Helping others makes us happier because were sensing that deep feeling of rightness, that ‘This is who I am!!’ … ‘This is what it’s really all about!!’. Being kind touches that deep part of ourselves that cuts through all the crap and reveals a feeling of joy. Kindness doesn’t just make us feel good, it reveals joy.

Let me say that again. Kindness doesn’t just make us feel good. It reveals joy.

It cuts away the blocks to joy, to happiness, to peace.

So my answer when anyone calls it selfish if it makes you feel good, I’d say that’s merely a misunderstanding of where the good feelings come from!

So be kind during this holiday season. You never know the difference even one seemingly small act of kindness might make for someone.

19 thoughts on “The right thing to do

  1. Denise

    Lovely …

  2. I love reading your Blogs David. The blend of science and philosophical thinking is perfect. Have the best Christmas and let 2018 be your best year yet

  3. What a nice post David. I found it really touching.
    I thinks giving food is really the best thing we can do, maybe together with some kind words.
    “Some say, if it feels good then you’re not doing it for them, but for yourself.”
    What a nonsense! Shall we feel bad and have a grumpy face?
    Only a saint can give without the slightest self-interest.
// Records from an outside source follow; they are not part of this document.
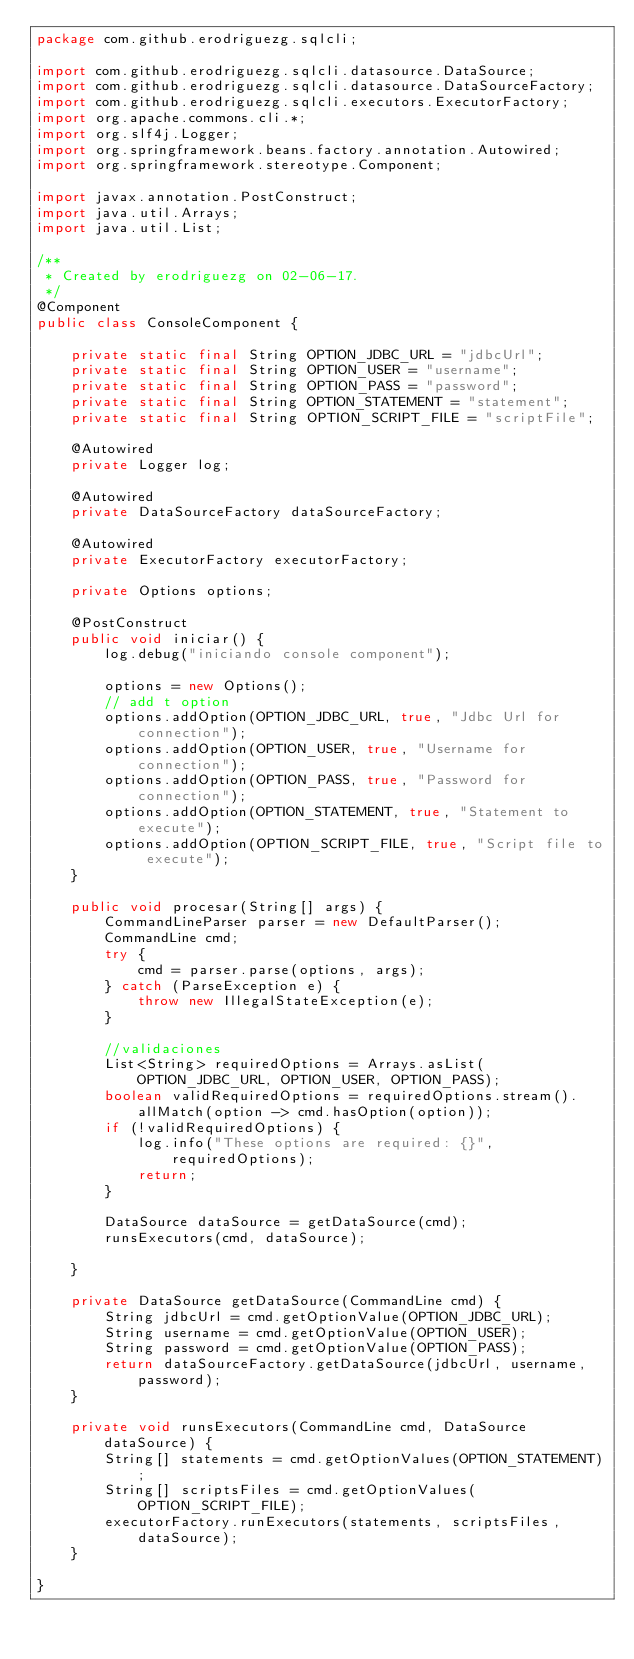Convert code to text. <code><loc_0><loc_0><loc_500><loc_500><_Java_>package com.github.erodriguezg.sqlcli;

import com.github.erodriguezg.sqlcli.datasource.DataSource;
import com.github.erodriguezg.sqlcli.datasource.DataSourceFactory;
import com.github.erodriguezg.sqlcli.executors.ExecutorFactory;
import org.apache.commons.cli.*;
import org.slf4j.Logger;
import org.springframework.beans.factory.annotation.Autowired;
import org.springframework.stereotype.Component;

import javax.annotation.PostConstruct;
import java.util.Arrays;
import java.util.List;

/**
 * Created by erodriguezg on 02-06-17.
 */
@Component
public class ConsoleComponent {

    private static final String OPTION_JDBC_URL = "jdbcUrl";
    private static final String OPTION_USER = "username";
    private static final String OPTION_PASS = "password";
    private static final String OPTION_STATEMENT = "statement";
    private static final String OPTION_SCRIPT_FILE = "scriptFile";

    @Autowired
    private Logger log;

    @Autowired
    private DataSourceFactory dataSourceFactory;

    @Autowired
    private ExecutorFactory executorFactory;

    private Options options;

    @PostConstruct
    public void iniciar() {
        log.debug("iniciando console component");

        options = new Options();
        // add t option
        options.addOption(OPTION_JDBC_URL, true, "Jdbc Url for connection");
        options.addOption(OPTION_USER, true, "Username for connection");
        options.addOption(OPTION_PASS, true, "Password for connection");
        options.addOption(OPTION_STATEMENT, true, "Statement to execute");
        options.addOption(OPTION_SCRIPT_FILE, true, "Script file to execute");
    }

    public void procesar(String[] args) {
        CommandLineParser parser = new DefaultParser();
        CommandLine cmd;
        try {
            cmd = parser.parse(options, args);
        } catch (ParseException e) {
            throw new IllegalStateException(e);
        }

        //validaciones
        List<String> requiredOptions = Arrays.asList(OPTION_JDBC_URL, OPTION_USER, OPTION_PASS);
        boolean validRequiredOptions = requiredOptions.stream().allMatch(option -> cmd.hasOption(option));
        if (!validRequiredOptions) {
            log.info("These options are required: {}", requiredOptions);
            return;
        }

        DataSource dataSource = getDataSource(cmd);
        runsExecutors(cmd, dataSource);

    }

    private DataSource getDataSource(CommandLine cmd) {
        String jdbcUrl = cmd.getOptionValue(OPTION_JDBC_URL);
        String username = cmd.getOptionValue(OPTION_USER);
        String password = cmd.getOptionValue(OPTION_PASS);
        return dataSourceFactory.getDataSource(jdbcUrl, username, password);
    }

    private void runsExecutors(CommandLine cmd, DataSource dataSource) {
        String[] statements = cmd.getOptionValues(OPTION_STATEMENT);
        String[] scriptsFiles = cmd.getOptionValues(OPTION_SCRIPT_FILE);
        executorFactory.runExecutors(statements, scriptsFiles, dataSource);
    }

}
</code> 
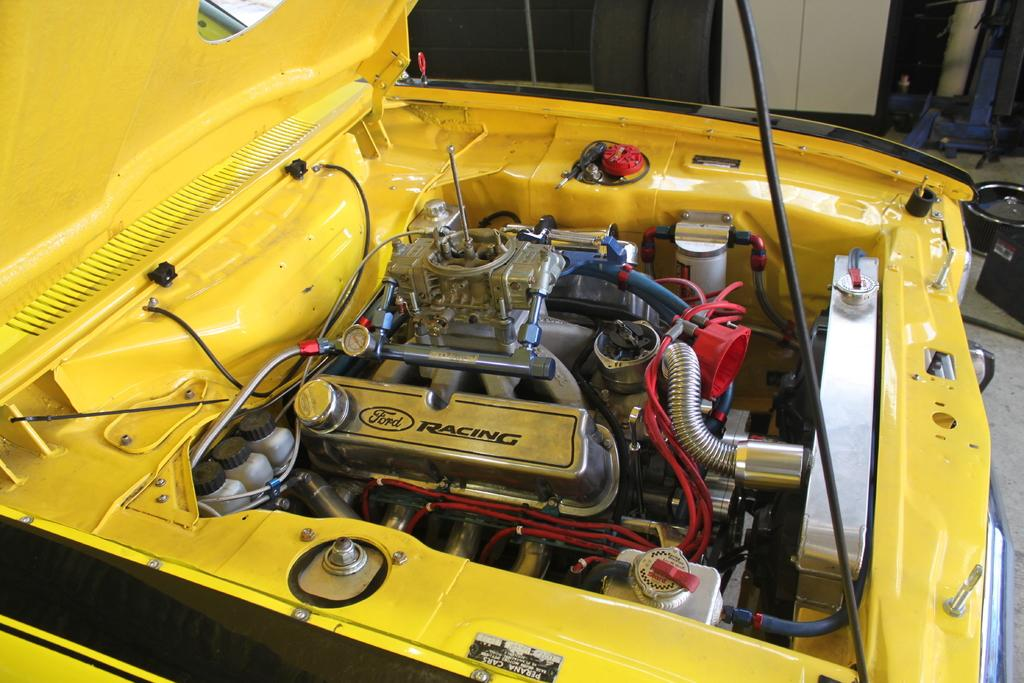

  4. Thank you David I always enjoy any of your writings as it adds to my understanding of the mind body miraculous relationships. I especially love hearing about your stories of kindness and how it impacts on those we encourage as well as our own well being too.

  5. Lucinda Stapleton

    Lovely article, David, so insightful and true. Thank you for taking the time to write it and connect with me despite being busy on a trip. Wishing you a Merry Christmas and looking forward to meeting you at your talk in London on 16 Jan. Funnily enough I sign off my letters the same way you do!

  6. mu

    I feel nervous about the thought of ‘raining on this parade’ as the thoughts expressed in your blog are ones I am largely in theoretical if not practical agreement with. But there is one little piece that shrieks at me, and that is the insertion of the paragraph about ‘should’. I have come to experience the word ‘should’ and the concepts behind it as a never-never land of subtle admonishment, and recall Marshall Rosenberg’s explanation (and Michael Lerner’s) on the subjects of ‘shoulds’ as well as on ‘rewards’ and ‘praise’ all of which seem to me to be connected.

    Any ‘should’ is likely to create a dilemma: does one conform to someone else’s holier than thou command and superior ‘wisdom’ or does one act from one’s own deep alignment with the message that the author intended.. to bring love to the surface and act not from ‘should’ but from a fresh point of awareness that the article itself carries?

    Is it necessary to add a ‘should’ ? How does this energy affect the hope that is implicit in the preceeding message? Is not a changed point of view best served by arriving at a ‘what do I want to change’ question for oneself, or must (sic) it come from outside of oneself.. the solution or answer to the question being supplied by the person writing, rather than arising from deep within (as it did for the writer).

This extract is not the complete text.